■ **About this task**
Which of the lines in the data mention the string "mark"? List them all.

━━━━━ Stored data ━━━━━

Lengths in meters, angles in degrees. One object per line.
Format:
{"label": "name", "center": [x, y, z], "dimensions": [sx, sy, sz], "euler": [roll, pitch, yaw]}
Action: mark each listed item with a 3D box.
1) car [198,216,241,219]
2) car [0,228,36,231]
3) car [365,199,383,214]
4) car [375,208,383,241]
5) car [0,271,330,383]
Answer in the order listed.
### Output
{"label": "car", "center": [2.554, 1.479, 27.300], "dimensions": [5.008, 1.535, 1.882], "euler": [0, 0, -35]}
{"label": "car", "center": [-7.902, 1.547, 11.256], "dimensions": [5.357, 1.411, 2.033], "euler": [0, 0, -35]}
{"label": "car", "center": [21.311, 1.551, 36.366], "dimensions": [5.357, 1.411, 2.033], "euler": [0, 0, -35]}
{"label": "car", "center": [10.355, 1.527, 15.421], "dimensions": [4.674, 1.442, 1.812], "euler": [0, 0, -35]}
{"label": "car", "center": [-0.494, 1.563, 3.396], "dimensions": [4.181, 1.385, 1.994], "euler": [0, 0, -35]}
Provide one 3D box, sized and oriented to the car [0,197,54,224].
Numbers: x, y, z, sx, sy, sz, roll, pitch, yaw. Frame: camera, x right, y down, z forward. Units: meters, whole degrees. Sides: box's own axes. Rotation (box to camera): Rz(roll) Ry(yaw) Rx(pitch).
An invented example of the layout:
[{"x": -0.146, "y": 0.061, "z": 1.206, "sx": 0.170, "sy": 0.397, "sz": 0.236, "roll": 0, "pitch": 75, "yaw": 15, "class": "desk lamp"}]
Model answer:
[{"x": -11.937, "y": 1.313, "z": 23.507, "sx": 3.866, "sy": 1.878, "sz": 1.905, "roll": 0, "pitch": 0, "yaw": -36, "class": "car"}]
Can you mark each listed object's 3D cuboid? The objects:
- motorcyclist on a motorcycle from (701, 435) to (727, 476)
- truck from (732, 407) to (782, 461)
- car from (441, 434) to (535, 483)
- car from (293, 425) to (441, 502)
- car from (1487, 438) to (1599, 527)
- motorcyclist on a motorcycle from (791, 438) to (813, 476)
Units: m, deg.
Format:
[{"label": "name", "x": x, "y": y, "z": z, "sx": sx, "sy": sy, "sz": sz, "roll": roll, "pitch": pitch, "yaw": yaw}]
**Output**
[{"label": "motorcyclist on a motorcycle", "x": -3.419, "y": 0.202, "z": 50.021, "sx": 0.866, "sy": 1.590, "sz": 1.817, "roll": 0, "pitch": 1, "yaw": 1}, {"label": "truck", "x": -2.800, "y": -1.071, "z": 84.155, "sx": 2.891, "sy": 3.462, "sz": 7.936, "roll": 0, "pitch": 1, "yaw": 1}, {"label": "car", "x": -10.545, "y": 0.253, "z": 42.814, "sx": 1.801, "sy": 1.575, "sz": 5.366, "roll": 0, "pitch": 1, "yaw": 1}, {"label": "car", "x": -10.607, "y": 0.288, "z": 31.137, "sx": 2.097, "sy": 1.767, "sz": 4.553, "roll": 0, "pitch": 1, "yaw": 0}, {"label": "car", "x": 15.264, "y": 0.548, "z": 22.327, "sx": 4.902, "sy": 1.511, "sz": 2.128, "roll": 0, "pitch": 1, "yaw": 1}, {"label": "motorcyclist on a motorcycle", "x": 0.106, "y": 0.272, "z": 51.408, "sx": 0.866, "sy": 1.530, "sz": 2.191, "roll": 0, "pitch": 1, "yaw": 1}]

━━━━━
━━━━━ Stored data ━━━━━

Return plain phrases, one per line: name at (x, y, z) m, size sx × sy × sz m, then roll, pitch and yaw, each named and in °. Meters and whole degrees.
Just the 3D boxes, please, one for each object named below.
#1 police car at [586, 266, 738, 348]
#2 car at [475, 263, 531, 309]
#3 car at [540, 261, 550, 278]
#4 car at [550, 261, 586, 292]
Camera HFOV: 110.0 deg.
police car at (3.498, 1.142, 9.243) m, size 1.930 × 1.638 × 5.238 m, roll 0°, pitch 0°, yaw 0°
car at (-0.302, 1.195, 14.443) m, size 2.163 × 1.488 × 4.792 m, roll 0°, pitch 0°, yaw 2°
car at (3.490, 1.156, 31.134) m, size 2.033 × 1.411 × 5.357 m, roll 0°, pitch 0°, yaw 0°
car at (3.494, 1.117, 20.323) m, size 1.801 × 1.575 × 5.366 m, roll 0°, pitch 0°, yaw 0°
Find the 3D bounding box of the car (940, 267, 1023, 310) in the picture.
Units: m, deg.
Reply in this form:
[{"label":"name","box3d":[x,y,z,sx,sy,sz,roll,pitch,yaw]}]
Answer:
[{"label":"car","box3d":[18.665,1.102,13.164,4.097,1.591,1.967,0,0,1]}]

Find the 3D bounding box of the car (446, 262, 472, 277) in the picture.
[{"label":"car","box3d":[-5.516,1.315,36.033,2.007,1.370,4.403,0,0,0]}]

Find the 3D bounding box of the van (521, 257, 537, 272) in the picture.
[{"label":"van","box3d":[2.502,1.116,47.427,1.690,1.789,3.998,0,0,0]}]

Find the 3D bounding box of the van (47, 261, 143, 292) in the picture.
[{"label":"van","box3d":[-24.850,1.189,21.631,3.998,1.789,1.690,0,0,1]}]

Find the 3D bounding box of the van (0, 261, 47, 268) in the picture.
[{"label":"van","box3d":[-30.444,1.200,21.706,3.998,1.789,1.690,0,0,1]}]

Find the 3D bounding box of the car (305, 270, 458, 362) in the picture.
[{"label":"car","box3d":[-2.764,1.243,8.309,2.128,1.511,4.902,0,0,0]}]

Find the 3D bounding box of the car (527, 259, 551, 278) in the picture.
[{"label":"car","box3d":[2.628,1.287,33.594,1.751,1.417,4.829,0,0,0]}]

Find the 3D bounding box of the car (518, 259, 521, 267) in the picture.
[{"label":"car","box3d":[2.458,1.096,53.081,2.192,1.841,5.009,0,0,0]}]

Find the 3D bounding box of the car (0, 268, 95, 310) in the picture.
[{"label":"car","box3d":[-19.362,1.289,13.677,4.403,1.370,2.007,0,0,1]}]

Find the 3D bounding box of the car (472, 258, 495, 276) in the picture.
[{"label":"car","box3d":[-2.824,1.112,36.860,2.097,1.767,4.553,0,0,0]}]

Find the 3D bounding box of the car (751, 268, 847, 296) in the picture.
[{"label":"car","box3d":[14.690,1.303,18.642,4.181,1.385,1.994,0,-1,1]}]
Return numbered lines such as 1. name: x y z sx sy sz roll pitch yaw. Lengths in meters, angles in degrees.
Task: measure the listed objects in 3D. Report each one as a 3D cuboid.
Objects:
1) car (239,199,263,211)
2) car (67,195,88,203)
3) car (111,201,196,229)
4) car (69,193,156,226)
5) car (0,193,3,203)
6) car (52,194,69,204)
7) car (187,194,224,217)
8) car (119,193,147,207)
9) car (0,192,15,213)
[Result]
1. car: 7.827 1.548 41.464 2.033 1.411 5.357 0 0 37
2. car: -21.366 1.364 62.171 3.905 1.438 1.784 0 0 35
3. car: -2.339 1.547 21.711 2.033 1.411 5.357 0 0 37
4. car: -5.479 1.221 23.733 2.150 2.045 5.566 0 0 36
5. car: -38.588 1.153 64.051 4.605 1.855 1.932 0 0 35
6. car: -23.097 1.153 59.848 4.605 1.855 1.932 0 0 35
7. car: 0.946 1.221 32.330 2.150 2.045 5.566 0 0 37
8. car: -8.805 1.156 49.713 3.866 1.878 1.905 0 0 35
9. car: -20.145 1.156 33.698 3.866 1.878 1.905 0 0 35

━━━━━
━━━━━ Stored data ━━━━━

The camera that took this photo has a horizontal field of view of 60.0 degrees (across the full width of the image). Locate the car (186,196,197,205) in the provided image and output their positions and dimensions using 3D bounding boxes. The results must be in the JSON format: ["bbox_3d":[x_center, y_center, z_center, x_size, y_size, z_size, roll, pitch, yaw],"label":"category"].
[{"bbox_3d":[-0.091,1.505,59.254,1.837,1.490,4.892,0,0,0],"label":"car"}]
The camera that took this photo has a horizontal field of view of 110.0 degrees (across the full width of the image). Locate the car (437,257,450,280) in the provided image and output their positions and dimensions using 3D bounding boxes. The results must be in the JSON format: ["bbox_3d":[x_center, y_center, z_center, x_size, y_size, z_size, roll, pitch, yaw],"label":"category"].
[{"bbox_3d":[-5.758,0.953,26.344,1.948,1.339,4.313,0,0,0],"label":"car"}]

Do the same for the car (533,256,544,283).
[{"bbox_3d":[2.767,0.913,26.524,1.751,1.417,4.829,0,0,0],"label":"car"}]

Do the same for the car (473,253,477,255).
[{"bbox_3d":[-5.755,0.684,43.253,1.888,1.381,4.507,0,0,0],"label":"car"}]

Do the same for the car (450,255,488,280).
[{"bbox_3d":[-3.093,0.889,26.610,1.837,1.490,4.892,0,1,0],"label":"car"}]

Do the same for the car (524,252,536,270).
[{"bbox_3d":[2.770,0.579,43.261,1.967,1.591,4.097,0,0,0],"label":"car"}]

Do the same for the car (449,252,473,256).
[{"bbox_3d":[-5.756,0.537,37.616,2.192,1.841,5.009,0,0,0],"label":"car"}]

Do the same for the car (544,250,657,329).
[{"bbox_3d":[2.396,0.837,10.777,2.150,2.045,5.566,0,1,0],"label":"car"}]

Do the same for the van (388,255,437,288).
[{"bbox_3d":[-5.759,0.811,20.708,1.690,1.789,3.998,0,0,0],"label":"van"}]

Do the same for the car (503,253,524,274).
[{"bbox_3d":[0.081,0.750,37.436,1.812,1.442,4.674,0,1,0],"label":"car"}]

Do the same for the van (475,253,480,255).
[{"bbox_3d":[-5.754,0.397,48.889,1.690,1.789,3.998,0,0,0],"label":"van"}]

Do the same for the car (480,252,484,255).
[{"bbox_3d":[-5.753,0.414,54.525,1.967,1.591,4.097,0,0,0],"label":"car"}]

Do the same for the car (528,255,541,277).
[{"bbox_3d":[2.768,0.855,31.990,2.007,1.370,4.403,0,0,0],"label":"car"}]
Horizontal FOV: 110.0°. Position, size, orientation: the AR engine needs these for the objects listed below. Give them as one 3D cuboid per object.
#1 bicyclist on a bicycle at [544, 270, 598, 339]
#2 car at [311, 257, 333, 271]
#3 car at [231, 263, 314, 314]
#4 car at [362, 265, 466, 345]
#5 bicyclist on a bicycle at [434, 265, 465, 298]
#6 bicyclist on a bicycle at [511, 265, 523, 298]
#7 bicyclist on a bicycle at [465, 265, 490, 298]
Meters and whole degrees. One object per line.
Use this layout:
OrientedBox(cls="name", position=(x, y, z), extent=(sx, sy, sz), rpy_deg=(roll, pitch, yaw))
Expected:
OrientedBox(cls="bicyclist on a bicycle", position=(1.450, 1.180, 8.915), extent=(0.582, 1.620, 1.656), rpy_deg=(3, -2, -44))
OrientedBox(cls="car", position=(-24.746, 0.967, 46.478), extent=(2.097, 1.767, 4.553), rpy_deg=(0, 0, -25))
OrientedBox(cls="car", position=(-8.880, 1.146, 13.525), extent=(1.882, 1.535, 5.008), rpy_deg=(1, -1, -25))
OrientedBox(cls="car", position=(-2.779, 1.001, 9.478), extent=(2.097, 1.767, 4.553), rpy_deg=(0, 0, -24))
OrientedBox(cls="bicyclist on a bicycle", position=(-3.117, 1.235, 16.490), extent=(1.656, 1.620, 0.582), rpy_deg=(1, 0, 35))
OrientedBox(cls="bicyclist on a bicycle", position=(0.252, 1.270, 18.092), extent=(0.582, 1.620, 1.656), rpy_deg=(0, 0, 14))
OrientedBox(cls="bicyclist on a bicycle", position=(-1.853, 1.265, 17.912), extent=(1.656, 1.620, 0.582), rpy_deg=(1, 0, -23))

━━━━━

■ **Exercise output**
Action: mark each listed item with a 3D box.
Can you mark each listed object's 3D cuboid? The objects:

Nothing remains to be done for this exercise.